◆ Task prompt
Work out how many lines of the records hold the string "chránička", and reply with that number alone.

──────── Data provided ────────

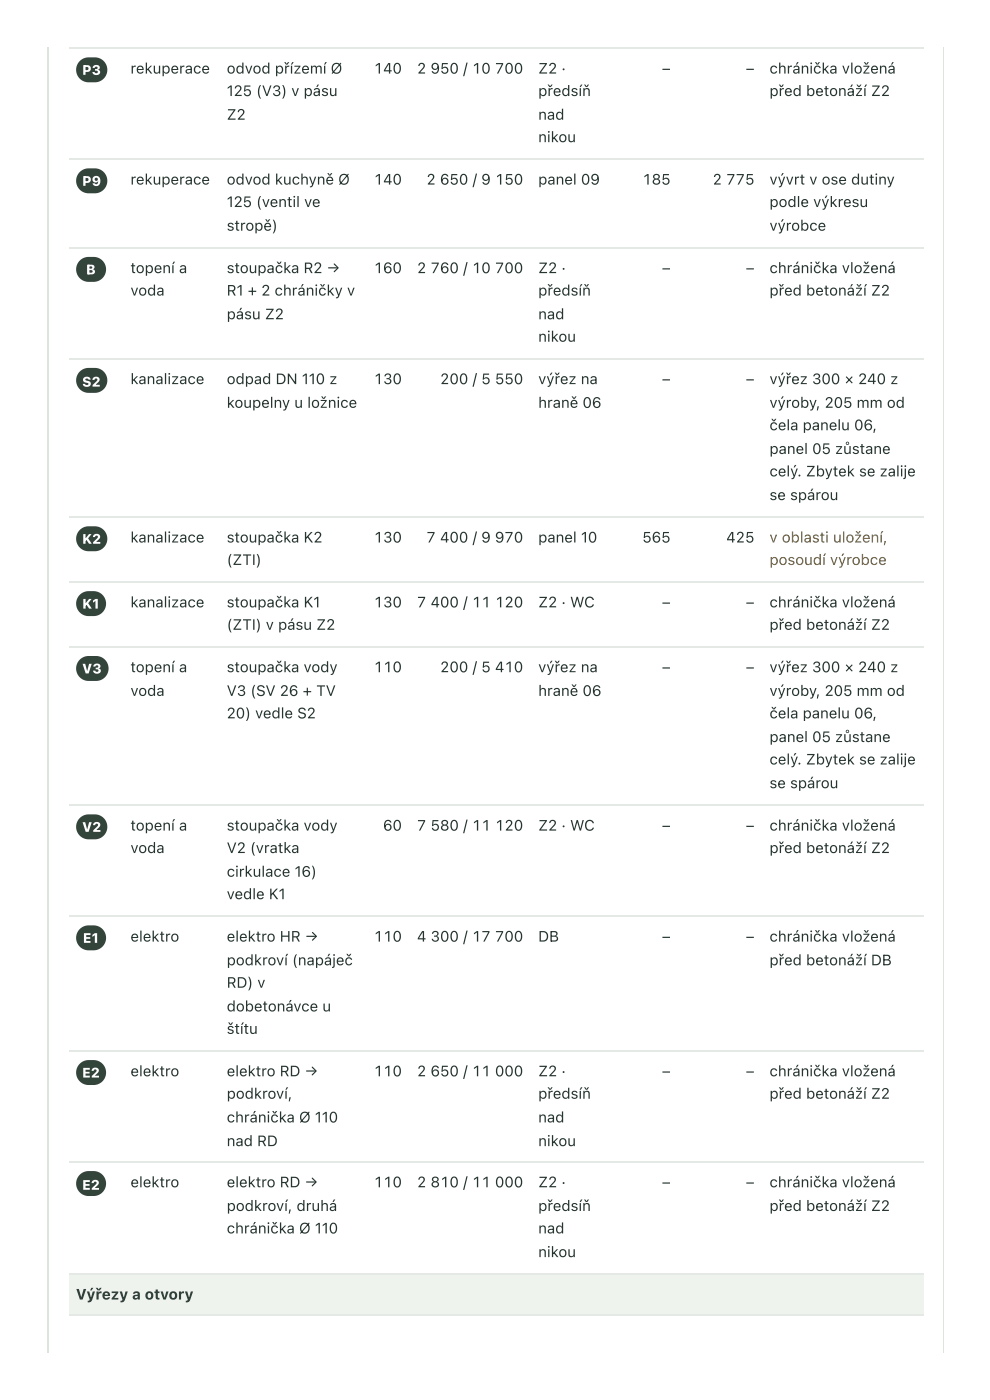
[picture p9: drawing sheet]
<svg xmlns="http://www.w3.org/2000/svg" width="210mm" height="297mm" viewBox="0 0 210 297" stroke-linecap="round" stroke-linejoin="round" font-family="sans-serif">
<defs><g id="words">
<g font-size="3.2" fill="#26352f">
<text x="27.7" y="15.6">rekuperace</text>
<text x="48.1" y="15.6">odvod přízemí Ø</text>
<text x="79.2" y="15.6">140</text>
<text x="88.4" y="15.6">2</text>
<text x="91.3" y="15.6">950 / 10</text>
<text x="104.9" y="15.6">700</text>
<text x="114.1" y="15.6">Z2 ·</text>
<text x="140.3" y="15.6">–</text>
<text x="158.1" y="15.6">–</text>
<text x="163.1" y="15.6">chránička vložená</text>
<text x="48.1" y="20.4">125 (V3) v pásu</text>
<text x="114.1" y="20.4">předsíň</text>
<text x="163.1" y="20.4">před betonáží Z2</text>
<text x="48.1" y="25.4">Z2</text>
<text x="114.1" y="25.4">nad</text>
<text x="114.1" y="30.2">nikou</text>
<text x="27.7" y="39.2">rekuperace</text>
<text x="48.1" y="39.2">odvod kuchyně Ø</text>
<text x="79.2" y="39.2">140</text>
<text x="90.4" y="39.2">2</text>
<text x="93.3" y="39.2">650 / 9</text>
<text x="104.9" y="39.2">150</text>
<text x="114.1" y="39.2">panel 09</text>
<text x="136.2" y="39.2">185</text>
<text x="151.1" y="39.2">2</text>
<text x="154" y="39.2">775</text>
<text x="163.1" y="39.2">vývrt v ose dutiny</text>
<text x="48.1" y="43.9">125 (ventil ve</text>
<text x="163.1" y="43.9">podle výkresu</text>
<text x="48.1" y="48.9">stropě)</text>
<text x="163.1" y="48.9">výrobce</text>
<text x="27.7" y="57.9">topení a</text>
<text x="48.1" y="57.9">stoupačka R2 →</text>
<text x="79.2" y="57.9">160</text>
<text x="88.4" y="57.9">2</text>
<text x="91.3" y="57.9">760 / 10</text>
<text x="104.9" y="57.9">700</text>
<text x="114.1" y="57.9">Z2 ·</text>
<text x="140.3" y="57.9">–</text>
<text x="158.1" y="57.9">–</text>
<text x="163.1" y="57.9">chránička vložená</text>
<text x="27.7" y="62.7">voda</text>
<text x="48.1" y="62.7">R1 + 2 chráničky v</text>
<text x="114.1" y="62.7">předsíň</text>
<text x="163.1" y="62.7">před betonáží Z2</text>
<text x="48.1" y="67.7">pásu Z2</text>
<text x="114.1" y="67.7">nad</text>
<text x="114.1" y="72.5">nikou</text>
<text x="27.7" y="81.5">kanalizace</text>
<text x="48.1" y="81.5">odpad DN 110 z</text>
<text x="79.2" y="81.5">130</text>
<text x="93.3" y="81.5">200 / 5</text>
<text x="104.9" y="81.5">550</text>
<text x="114.1" y="81.5">výřez na</text>
<text x="140.3" y="81.5">–</text>
<text x="158.1" y="81.5">–</text>
<text x="163.1" y="81.5">výřez 300 × 240 z</text>
<text x="48.1" y="86.5">koupelny u ložnice</text>
<text x="114.1" y="86.5">hraně 06</text>
<text x="163.1" y="86.5">výroby, 205 mm od</text>
<text x="163.1" y="91.3">čela panelu 06,</text>
<text x="163.1" y="96.3">panel 05 zůstane</text>
<text x="163.1" y="101.1">celý. Zbytek se zalije</text>
<text x="163.1" y="106.1">se spárou</text>
<text x="27.7" y="115.1">kanalizace</text>
<text x="48.1" y="115.1">stoupačka K2</text>
<text x="48.1" y="119.9">(ZTI)</text>
<text x="79.2" y="115.1">130</text>
<text x="90.4" y="115.1">7</text>
<text x="93.3" y="115.1">400 / 9</text>
<text x="104.9" y="115.1">970</text>
<text x="114.1" y="115.1">panel 10</text>
<text x="136.2" y="115.1">565</text>
<text x="154" y="115.1">425</text>
<text x="27.7" y="128.9">kanalizace</text>
<text x="48.1" y="128.9">stoupačka K1</text>
<text x="79.2" y="128.9">130</text>
<text x="88.4" y="128.9">7</text>
<text x="91.3" y="128.9">400 / 11</text>
<text x="104.9" y="128.9">120</text>
<text x="114.1" y="128.9">Z2 · WC</text>
<text x="140.3" y="128.9">–</text>
<text x="158.1" y="128.9">–</text>
<text x="163.1" y="128.9">chránička vložená</text>
<text x="48.1" y="133.6">(ZTI) v pásu Z2</text>
<text x="163.1" y="133.6">před betonáží Z2</text>
<text x="27.7" y="142.6">topení a</text>
<text x="48.1" y="142.6">stoupačka vody</text>
<text x="79.2" y="142.6">110</text>
<text x="93.3" y="142.6">200 / 5</text>
<text x="104.9" y="142.6">410</text>
<text x="114.1" y="142.6">výřez na</text>
<text x="140.3" y="142.6">–</text>
<text x="158.1" y="142.6">–</text>
<text x="163.1" y="142.6">výřez 300 × 240 z</text>
<text x="27.7" y="147.6">voda</text>
<text x="48.1" y="147.6">V3 (SV 26 + TV</text>
<text x="114.1" y="147.6">hraně 06</text>
<text x="163.1" y="147.6">výroby, 205 mm od</text>
<text x="48.1" y="152.4">20) vedle S2</text>
<text x="163.1" y="152.4">čela panelu 06,</text>
<text x="163.1" y="157.4">panel 05 zůstane</text>
<text x="163.1" y="162.2">celý. Zbytek se zalije</text>
<text x="163.1" y="167.2">se spárou</text>
<text x="27.7" y="176.2">topení a</text>
<text x="48.1" y="176.2">stoupačka vody</text>
<text x="81.2" y="176.2">60</text>
<text x="88.4" y="176.2">7</text>
<text x="91.3" y="176.2">580 / 11</text>
<text x="104.9" y="176.2">120</text>
<text x="114.1" y="176.2">Z2 · WC</text>
<text x="140.3" y="176.2">–</text>
<text x="158.1" y="176.2">–</text>
<text x="163.1" y="176.2">chránička vložená</text>
<text x="27.7" y="181">voda</text>
<text x="48.1" y="181">V2 (vratka</text>
<text x="163.1" y="181">před betonáží Z2</text>
<text x="48.1" y="186">cirkulace 16)</text>
<text x="48.1" y="190.8">vedle K1</text>
<text x="27.7" y="199.8">elektro</text>
<text x="48.1" y="199.8">elektro HR →</text>
<text x="79.2" y="199.8">110</text>
<text x="88.4" y="199.8">4</text>
<text x="91.3" y="199.8">300 / 17</text>
<text x="104.9" y="199.8">700</text>
<text x="114.1" y="199.8">DB</text>
<text x="140.3" y="199.8">–</text>
<text x="158.1" y="199.8">–</text>
<text x="163.1" y="199.8">chránička vložená</text>
<text x="48.1" y="204.8">podkroví (napáječ</text>
<text x="48.1" y="209.6">RD) v</text>
<text x="163.1" y="204.8">před betonáží DB</text>
<text x="48.1" y="214.6">dobetonávce u</text>
<text x="48.1" y="219.3">štítu</text>
<text x="27.7" y="228.3">elektro</text>
<text x="48.1" y="228.3">elektro RD →</text>
<text x="48.1" y="233.1">podkroví,</text>
<text x="79.2" y="228.3">110</text>
<text x="88.4" y="228.3">2</text>
<text x="91.3" y="228.3">650 / 11</text>
<text x="104.9" y="228.3">000</text>
<text x="114.1" y="228.3">Z2 ·</text>
<text x="114.1" y="233.1">předsíň</text>
<text x="140.3" y="228.3">–</text>
<text x="158.1" y="228.3">–</text>
<text x="163.1" y="228.3">chránička vložená</text>
<text x="163.1" y="233.1">před betonáží Z2</text>
<text x="48.1" y="238.1">chránička Ø 110</text>
<text x="114.1" y="238.1">nad</text>
<text x="48.1" y="243.2">nad RD</text>
<text x="114.1" y="243.2">nikou</text>
<text x="27.7" y="251.9">elektro</text>
<text x="48.1" y="251.9">elektro RD →</text>
<text x="79.2" y="251.9">110</text>
<text x="88.4" y="251.9">2</text>
<text x="91.3" y="251.9">810 / 11</text>
<text x="104.9" y="251.9">000</text>
<text x="114.1" y="251.9">Z2 ·</text>
<text x="140.3" y="251.9">–</text>
<text x="158.1" y="251.9">–</text>
<text x="163.1" y="251.9">chránička vložená</text>
<text x="48.1" y="256.9">podkroví, druhá</text>
<text x="114.1" y="256.9">předsíň</text>
<text x="163.1" y="256.9">před betonáží Z2</text>
<text x="48.1" y="261.7">chránička Ø 110</text>
<text x="114.1" y="261.7">nad</text>
<text x="114.1" y="266.7">nikou</text>
</g>
<g font-size="3.2" fill="#8a5a17">
<text x="163.1" y="115.1">v oblasti uložení,</text>
<text x="163.1" y="119.9">posoudí výrobce</text>
</g>
<text font-size="3.2" fill="#2b4236" x="16.1" y="275.7">Výřezy a otvory</text>
<g font-size="2.9" fill="#fff">
<text x="17.4" y="15.9">P3</text>
<text x="17.4" y="39.4">P9</text>
<text x="18.2" y="58.2">B</text>
<text x="17.4" y="82">S2</text>
<text x="17.4" y="115.4">K2</text>
<text x="17.4" y="129.1">K1</text>
<text x="17.4" y="142.9">V3</text>
<text x="17.4" y="176.5">V2</text>
<text x="17.6" y="200">E1</text>
<text x="17.4" y="228.6">E2</text>
<text x="17.4" y="252.4">E2</text>
</g>
</g></defs>
<path d="M10.1 10.1h189.9v277h-189.9z" fill="#f1f4f0"/>
<g fill="#fff">
<path d="M10.1 10.1h190v277h-190z"/>
<path d="M10.2 10.1h189.9v277h-189.9z"/>
</g>
<path d="M200.1 10.1v277" fill="none" stroke="#dce4dd" stroke-width=".21"/>
<path d="M10.2 10.1v277" fill="none" stroke="#dce4dd" stroke-width=".26"/>
<path d="M14.6 270.1h181.2v9h-181.2z" fill="#eef3ee"/>
<g fill="none" stroke="#e4e9e5" stroke-width=".26">
<path d="M14.6 10.2h181.2M14.6 33.7h181.2M14.6 52.5h181.2M14.6 76.1h181.2M14.6 109.7h181.2M14.6 123.4h181.2M14.6 137.2h181.2M14.6 170.8h181.2M14.6 194.3h181.2M14.6 222.9h181.2M14.6 246.5h181.2M14.6 270.3h181.2"/>
<path d="M14.6 279h181.2"/>
</g>
<g fill="#33443b">
<path d="M16.9 12.9l1.2-.6 2-.1a2.65 2.65 0 0 1 2.7 2.6 2.65 2.65 0 0 1-2.7 2.7h-1.3a2.65 2.65 0 0 1-2.5-1.7 2.65 2.65 0 0 1 .6-2.9z"/>
<path d="M16.9 36.5l1.2-.7 2-.1a2.65 2.65 0 0 1 2.7 2.7 2.65 2.65 0 0 1-2.7 2.6h-1.3a2.65 2.65 0 0 1-2.5-1.6 2.65 2.65 0 0 1 .6-2.9z"/>
<path d="M16.9 55.3l1.2-.7 1.7-.1a2.65 2.65 0 0 1 2.7 2.7 2.65 2.65 0 0 1-2.7 2.6h-1a2.65 2.65 0 0 1-2.5-1.6 2.65 2.65 0 0 1 .6-2.9z"/>
<path d="M16.9 78.8l1.2-.7h2a2.65 2.65 0 0 1 2.7 2.6 2.65 2.65 0 0 1-2.7 2.6h-1.3a2.65 2.65 0 0 1-2.5-1.6 2.65 2.65 0 0 1 .6-2.9z"/>
<path d="M16.9 112.4l1.2-.7h2a2.65 2.65 0 0 1 2.7 2.6 2.65 2.65 0 0 1-2.7 2.6h-1.3a2.65 2.65 0 0 1-2.5-1.6 2.65 2.65 0 0 1 .6-2.9z"/>
<path d="M16.9 126.2l1.2-.7 1.7-.1a2.65 2.65 0 0 1 2.7 2.7 2.65 2.65 0 0 1-2.7 2.6h-1a2.65 2.65 0 0 1-2.5-1.6 2.65 2.65 0 0 1 .6-2.9z"/>
<path d="M16.9 139.9l.7-.5 .7-.2h2.1a2.65 2.65 0 0 1 2.6 2.6 2.65 2.65 0 0 1-2.6 2.7h-1.6a2.65 2.65 0 0 1-2.5-1.7 2.65 2.65 0 0 1 .6-2.9z"/>
<path d="M16.9 173.5l1.2-.6 2-.1a2.65 2.65 0 0 1 2.7 2.6 2.65 2.65 0 0 1-2.7 2.7h-1.3a2.65 2.65 0 0 1-2.5-1.7 2.65 2.65 0 0 1 .6-2.9z"/>
<path d="M16.9 197.1l1.2-.7 1.7-.1a2.65 2.65 0 0 1 2.7 2.7 2.65 2.65 0 0 1-2.7 2.6h-1a2.65 2.65 0 0 1-2.5-1.6 2.65 2.65 0 0 1 .6-2.9z"/>
<path d="M16.9 225.7l1.2-.7 1.7-.1a2.65 2.65 0 0 1 2.7 2.6 2.65 2.65 0 0 1-2.7 2.7h-1a2.65 2.65 0 0 1-2.5-1.6 2.65 2.65 0 0 1 .6-2.9z"/>
<path d="M16.9 249.2l1.2-.7 1.7-.1a2.65 2.65 0 0 1 2.7 2.7 2.65 2.65 0 0 1-2.7 2.6h-1a2.65 2.65 0 0 1-2.5-1.6 2.65 2.65 0 0 1 .6-2.9z"/>
</g>
<use href="#words"/>
</svg>

────────

◆ Result of this task
9